:: AVAILABLE DATA
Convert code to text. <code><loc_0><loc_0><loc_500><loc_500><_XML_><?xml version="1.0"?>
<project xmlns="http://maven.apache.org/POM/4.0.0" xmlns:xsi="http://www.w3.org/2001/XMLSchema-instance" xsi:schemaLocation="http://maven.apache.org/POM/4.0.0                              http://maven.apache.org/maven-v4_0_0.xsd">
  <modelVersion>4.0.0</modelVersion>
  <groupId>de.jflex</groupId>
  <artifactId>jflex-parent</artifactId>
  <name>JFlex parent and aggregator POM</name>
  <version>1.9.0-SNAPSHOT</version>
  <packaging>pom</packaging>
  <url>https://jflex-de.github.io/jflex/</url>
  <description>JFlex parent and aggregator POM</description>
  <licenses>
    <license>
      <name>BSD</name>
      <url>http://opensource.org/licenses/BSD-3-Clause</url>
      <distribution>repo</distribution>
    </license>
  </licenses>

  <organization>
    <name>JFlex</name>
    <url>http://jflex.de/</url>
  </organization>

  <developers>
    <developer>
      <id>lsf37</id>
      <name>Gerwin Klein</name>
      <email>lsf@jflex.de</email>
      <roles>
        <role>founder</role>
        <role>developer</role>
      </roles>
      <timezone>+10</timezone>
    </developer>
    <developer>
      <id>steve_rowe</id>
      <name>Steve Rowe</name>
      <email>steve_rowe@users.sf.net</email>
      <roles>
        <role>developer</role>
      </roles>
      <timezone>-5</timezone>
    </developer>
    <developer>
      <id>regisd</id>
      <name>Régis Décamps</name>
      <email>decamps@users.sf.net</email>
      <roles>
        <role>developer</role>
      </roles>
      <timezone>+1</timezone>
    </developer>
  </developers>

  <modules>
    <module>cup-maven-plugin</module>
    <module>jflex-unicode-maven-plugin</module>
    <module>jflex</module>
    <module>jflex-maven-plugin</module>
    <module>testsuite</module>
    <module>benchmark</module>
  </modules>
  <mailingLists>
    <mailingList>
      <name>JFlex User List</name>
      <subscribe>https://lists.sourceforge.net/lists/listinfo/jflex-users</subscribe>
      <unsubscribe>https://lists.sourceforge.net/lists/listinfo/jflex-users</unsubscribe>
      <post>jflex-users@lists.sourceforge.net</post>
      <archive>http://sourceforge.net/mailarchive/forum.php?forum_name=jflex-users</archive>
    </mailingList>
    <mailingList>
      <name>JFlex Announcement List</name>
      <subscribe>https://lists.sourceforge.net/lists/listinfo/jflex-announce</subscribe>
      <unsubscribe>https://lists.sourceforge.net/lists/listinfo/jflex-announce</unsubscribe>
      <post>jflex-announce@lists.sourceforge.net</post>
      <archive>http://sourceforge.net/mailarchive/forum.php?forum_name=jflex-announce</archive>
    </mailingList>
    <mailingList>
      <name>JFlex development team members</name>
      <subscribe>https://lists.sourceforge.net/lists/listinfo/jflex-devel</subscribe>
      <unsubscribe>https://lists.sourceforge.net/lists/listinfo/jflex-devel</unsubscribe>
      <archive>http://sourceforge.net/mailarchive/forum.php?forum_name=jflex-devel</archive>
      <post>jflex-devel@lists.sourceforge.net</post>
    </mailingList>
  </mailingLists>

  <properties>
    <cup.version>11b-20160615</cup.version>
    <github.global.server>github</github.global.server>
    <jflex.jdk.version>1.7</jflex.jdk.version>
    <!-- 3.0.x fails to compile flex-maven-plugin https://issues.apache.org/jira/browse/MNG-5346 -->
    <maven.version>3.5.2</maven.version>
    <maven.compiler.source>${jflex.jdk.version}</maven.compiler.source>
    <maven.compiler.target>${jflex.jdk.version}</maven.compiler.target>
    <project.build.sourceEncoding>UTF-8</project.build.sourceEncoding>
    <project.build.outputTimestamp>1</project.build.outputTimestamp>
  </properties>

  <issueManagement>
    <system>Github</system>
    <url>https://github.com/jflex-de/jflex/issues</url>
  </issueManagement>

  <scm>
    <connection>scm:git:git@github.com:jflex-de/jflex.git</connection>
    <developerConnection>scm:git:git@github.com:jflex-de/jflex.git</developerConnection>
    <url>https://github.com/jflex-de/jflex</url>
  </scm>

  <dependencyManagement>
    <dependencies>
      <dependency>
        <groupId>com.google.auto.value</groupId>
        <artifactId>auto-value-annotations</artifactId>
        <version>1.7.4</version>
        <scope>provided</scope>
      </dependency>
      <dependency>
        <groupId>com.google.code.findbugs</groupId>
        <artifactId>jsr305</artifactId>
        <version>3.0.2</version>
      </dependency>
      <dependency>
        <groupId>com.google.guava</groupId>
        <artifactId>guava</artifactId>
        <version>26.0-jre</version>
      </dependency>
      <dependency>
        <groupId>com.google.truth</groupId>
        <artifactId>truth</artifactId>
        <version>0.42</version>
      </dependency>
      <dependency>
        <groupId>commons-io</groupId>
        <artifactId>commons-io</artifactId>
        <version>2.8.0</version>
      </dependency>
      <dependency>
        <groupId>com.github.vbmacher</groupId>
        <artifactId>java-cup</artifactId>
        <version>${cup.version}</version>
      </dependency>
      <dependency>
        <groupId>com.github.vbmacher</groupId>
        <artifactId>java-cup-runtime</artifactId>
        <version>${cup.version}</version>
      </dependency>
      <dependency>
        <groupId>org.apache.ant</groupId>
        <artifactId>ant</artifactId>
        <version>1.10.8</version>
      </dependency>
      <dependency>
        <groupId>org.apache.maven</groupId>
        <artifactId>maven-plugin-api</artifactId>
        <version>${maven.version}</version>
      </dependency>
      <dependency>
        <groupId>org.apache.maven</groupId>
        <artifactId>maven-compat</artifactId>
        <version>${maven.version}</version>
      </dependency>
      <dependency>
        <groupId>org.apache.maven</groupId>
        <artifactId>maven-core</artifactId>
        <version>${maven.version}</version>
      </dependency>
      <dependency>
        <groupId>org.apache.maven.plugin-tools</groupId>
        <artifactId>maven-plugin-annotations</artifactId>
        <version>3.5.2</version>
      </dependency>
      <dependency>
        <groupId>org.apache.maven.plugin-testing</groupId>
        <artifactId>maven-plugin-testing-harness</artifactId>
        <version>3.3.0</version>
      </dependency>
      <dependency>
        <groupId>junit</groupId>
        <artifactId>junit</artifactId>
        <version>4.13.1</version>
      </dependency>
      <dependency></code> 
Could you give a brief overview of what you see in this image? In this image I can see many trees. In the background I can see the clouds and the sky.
::::
## TASK REQUIREMENTS
The output should restate the data exactly, with no line missing.

## RESPONSE FOR THIS EXERCISE
Convert code to text. <code><loc_0><loc_0><loc_500><loc_500><_XML_><?xml version="1.0"?>
<project xmlns="http://maven.apache.org/POM/4.0.0" xmlns:xsi="http://www.w3.org/2001/XMLSchema-instance" xsi:schemaLocation="http://maven.apache.org/POM/4.0.0                              http://maven.apache.org/maven-v4_0_0.xsd">
  <modelVersion>4.0.0</modelVersion>
  <groupId>de.jflex</groupId>
  <artifactId>jflex-parent</artifactId>
  <name>JFlex parent and aggregator POM</name>
  <version>1.9.0-SNAPSHOT</version>
  <packaging>pom</packaging>
  <url>https://jflex-de.github.io/jflex/</url>
  <description>JFlex parent and aggregator POM</description>
  <licenses>
    <license>
      <name>BSD</name>
      <url>http://opensource.org/licenses/BSD-3-Clause</url>
      <distribution>repo</distribution>
    </license>
  </licenses>

  <organization>
    <name>JFlex</name>
    <url>http://jflex.de/</url>
  </organization>

  <developers>
    <developer>
      <id>lsf37</id>
      <name>Gerwin Klein</name>
      <email>lsf@jflex.de</email>
      <roles>
        <role>founder</role>
        <role>developer</role>
      </roles>
      <timezone>+10</timezone>
    </developer>
    <developer>
      <id>steve_rowe</id>
      <name>Steve Rowe</name>
      <email>steve_rowe@users.sf.net</email>
      <roles>
        <role>developer</role>
      </roles>
      <timezone>-5</timezone>
    </developer>
    <developer>
      <id>regisd</id>
      <name>Régis Décamps</name>
      <email>decamps@users.sf.net</email>
      <roles>
        <role>developer</role>
      </roles>
      <timezone>+1</timezone>
    </developer>
  </developers>

  <modules>
    <module>cup-maven-plugin</module>
    <module>jflex-unicode-maven-plugin</module>
    <module>jflex</module>
    <module>jflex-maven-plugin</module>
    <module>testsuite</module>
    <module>benchmark</module>
  </modules>
  <mailingLists>
    <mailingList>
      <name>JFlex User List</name>
      <subscribe>https://lists.sourceforge.net/lists/listinfo/jflex-users</subscribe>
      <unsubscribe>https://lists.sourceforge.net/lists/listinfo/jflex-users</unsubscribe>
      <post>jflex-users@lists.sourceforge.net</post>
      <archive>http://sourceforge.net/mailarchive/forum.php?forum_name=jflex-users</archive>
    </mailingList>
    <mailingList>
      <name>JFlex Announcement List</name>
      <subscribe>https://lists.sourceforge.net/lists/listinfo/jflex-announce</subscribe>
      <unsubscribe>https://lists.sourceforge.net/lists/listinfo/jflex-announce</unsubscribe>
      <post>jflex-announce@lists.sourceforge.net</post>
      <archive>http://sourceforge.net/mailarchive/forum.php?forum_name=jflex-announce</archive>
    </mailingList>
    <mailingList>
      <name>JFlex development team members</name>
      <subscribe>https://lists.sourceforge.net/lists/listinfo/jflex-devel</subscribe>
      <unsubscribe>https://lists.sourceforge.net/lists/listinfo/jflex-devel</unsubscribe>
      <archive>http://sourceforge.net/mailarchive/forum.php?forum_name=jflex-devel</archive>
      <post>jflex-devel@lists.sourceforge.net</post>
    </mailingList>
  </mailingLists>

  <properties>
    <cup.version>11b-20160615</cup.version>
    <github.global.server>github</github.global.server>
    <jflex.jdk.version>1.7</jflex.jdk.version>
    <!-- 3.0.x fails to compile flex-maven-plugin https://issues.apache.org/jira/browse/MNG-5346 -->
    <maven.version>3.5.2</maven.version>
    <maven.compiler.source>${jflex.jdk.version}</maven.compiler.source>
    <maven.compiler.target>${jflex.jdk.version}</maven.compiler.target>
    <project.build.sourceEncoding>UTF-8</project.build.sourceEncoding>
    <project.build.outputTimestamp>1</project.build.outputTimestamp>
  </properties>

  <issueManagement>
    <system>Github</system>
    <url>https://github.com/jflex-de/jflex/issues</url>
  </issueManagement>

  <scm>
    <connection>scm:git:git@github.com:jflex-de/jflex.git</connection>
    <developerConnection>scm:git:git@github.com:jflex-de/jflex.git</developerConnection>
    <url>https://github.com/jflex-de/jflex</url>
  </scm>

  <dependencyManagement>
    <dependencies>
      <dependency>
        <groupId>com.google.auto.value</groupId>
        <artifactId>auto-value-annotations</artifactId>
        <version>1.7.4</version>
        <scope>provided</scope>
      </dependency>
      <dependency>
        <groupId>com.google.code.findbugs</groupId>
        <artifactId>jsr305</artifactId>
        <version>3.0.2</version>
      </dependency>
      <dependency>
        <groupId>com.google.guava</groupId>
        <artifactId>guava</artifactId>
        <version>26.0-jre</version>
      </dependency>
      <dependency>
        <groupId>com.google.truth</groupId>
        <artifactId>truth</artifactId>
        <version>0.42</version>
      </dependency>
      <dependency>
        <groupId>commons-io</groupId>
        <artifactId>commons-io</artifactId>
        <version>2.8.0</version>
      </dependency>
      <dependency>
        <groupId>com.github.vbmacher</groupId>
        <artifactId>java-cup</artifactId>
        <version>${cup.version}</version>
      </dependency>
      <dependency>
        <groupId>com.github.vbmacher</groupId>
        <artifactId>java-cup-runtime</artifactId>
        <version>${cup.version}</version>
      </dependency>
      <dependency>
        <groupId>org.apache.ant</groupId>
        <artifactId>ant</artifactId>
        <version>1.10.8</version>
      </dependency>
      <dependency>
        <groupId>org.apache.maven</groupId>
        <artifactId>maven-plugin-api</artifactId>
        <version>${maven.version}</version>
      </dependency>
      <dependency>
        <groupId>org.apache.maven</groupId>
        <artifactId>maven-compat</artifactId>
        <version>${maven.version}</version>
      </dependency>
      <dependency>
        <groupId>org.apache.maven</groupId>
        <artifactId>maven-core</artifactId>
        <version>${maven.version}</version>
      </dependency>
      <dependency>
        <groupId>org.apache.maven.plugin-tools</groupId>
        <artifactId>maven-plugin-annotations</artifactId>
        <version>3.5.2</version>
      </dependency>
      <dependency>
        <groupId>org.apache.maven.plugin-testing</groupId>
        <artifactId>maven-plugin-testing-harness</artifactId>
        <version>3.3.0</version>
      </dependency>
      <dependency>
        <groupId>junit</groupId>
        <artifactId>junit</artifactId>
        <version>4.13.1</version>
      </dependency>
      <dependency></code> 
Could you give a brief overview of what you see in this image? In this image I can see many trees. In the background I can see the clouds and the sky.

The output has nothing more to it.